Description
If we use locations with very large values calling the functions in different orders can give different answers. For example, in theory all should be equivalent (assuming the same distribution):
min_emd of two variance 1 histograms (i.e. calling normalise_hist_variance)) using optimise
net_emd of two variance 1 histograms (i.e. calling normalise_hist_variance)) using optimise
min_emd of two variance 1 histograms (i.e. calling normalise_hist_variance)) using optimiseRonly
net_emd of two variance 1 histograms (i.e. calling normalise_hist_variance)) using optimiseRonly
min_emd of two mean 0 variance 1 histograms (i.e. calling normalise_hist_variance)) using optimise
net_emd of two mean 0 variance 1 histograms (i.e. calling normalise_hist_variance)) using optimise
min_emd of two mean 0 variance 1 histograms (i.e. calling normalise_hist_variance)) using optimiseRonly
net_emd of two mean 0 variance 1 histograms (i.e. calling normalise_hist_variance)) using optimiseRonly
However, because of the floating point problems with the variance normalisation, this can cause issues. Importantly it is not always obvious which of the methods will fail.

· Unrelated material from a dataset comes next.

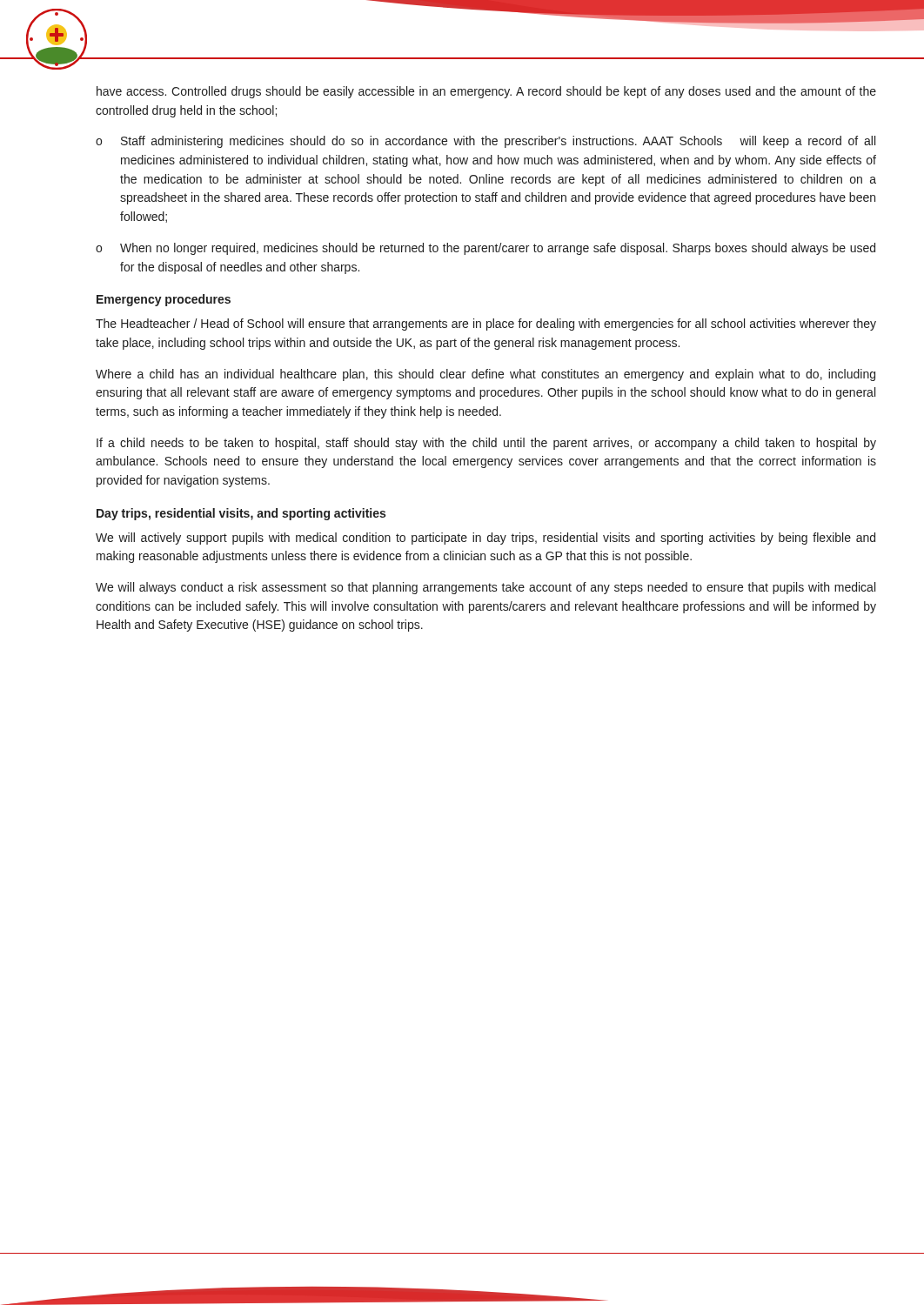Select the text block that reads "Where a child has an"
The image size is (924, 1305).
pyautogui.click(x=486, y=393)
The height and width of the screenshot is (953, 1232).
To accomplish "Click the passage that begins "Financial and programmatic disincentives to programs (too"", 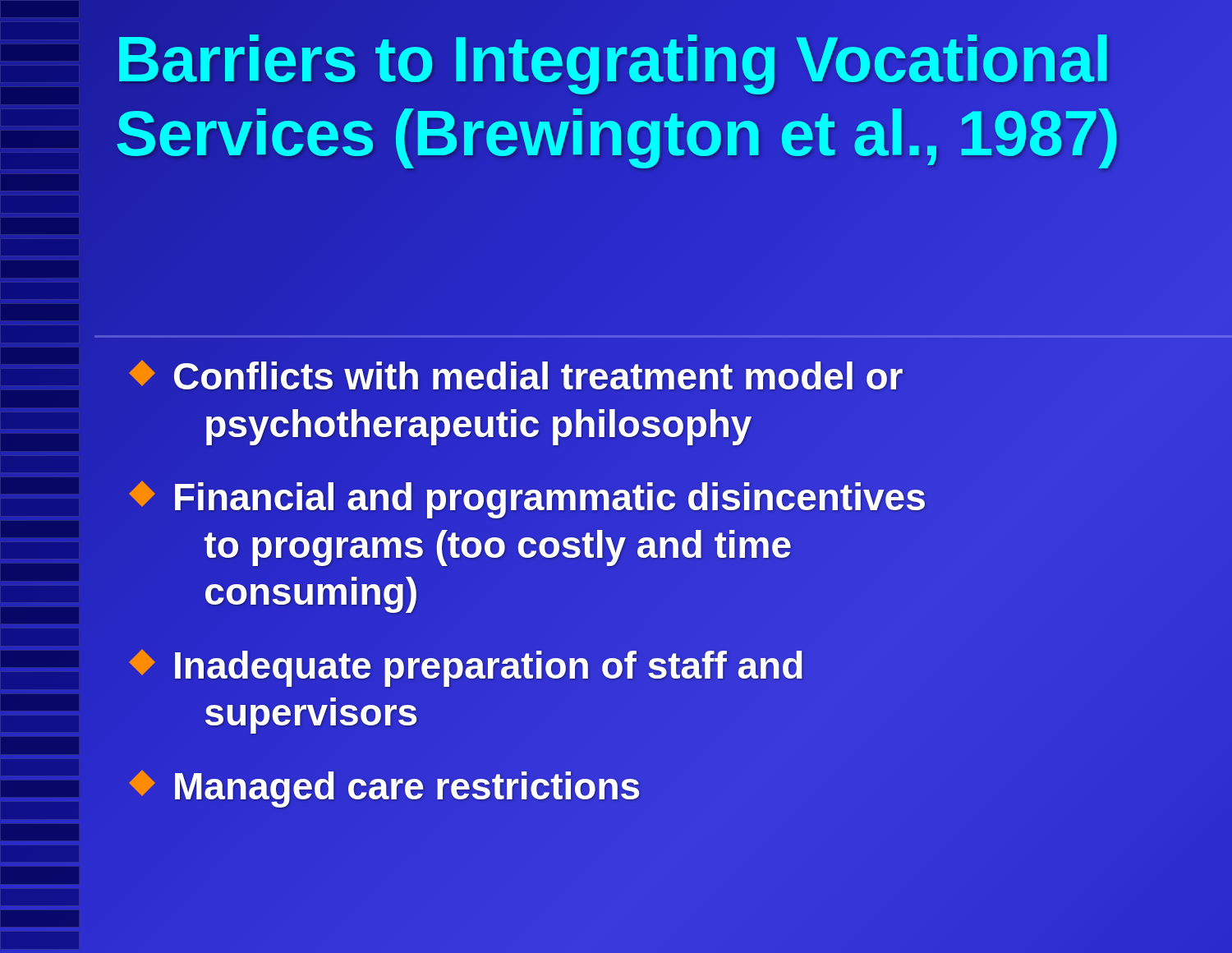I will click(527, 544).

There are three solutions:
1.) Leave it as is, in theory the user should not be normalising histograms and this is an edge case caused by big numbers
2.) Mean centre when normalising by variance, it is quite arb. that we fix the mean to the same value anyway.
3.) Change the dhist object to have a mean offset so that we can get the best of both worlds, but it will require a not small adjustment.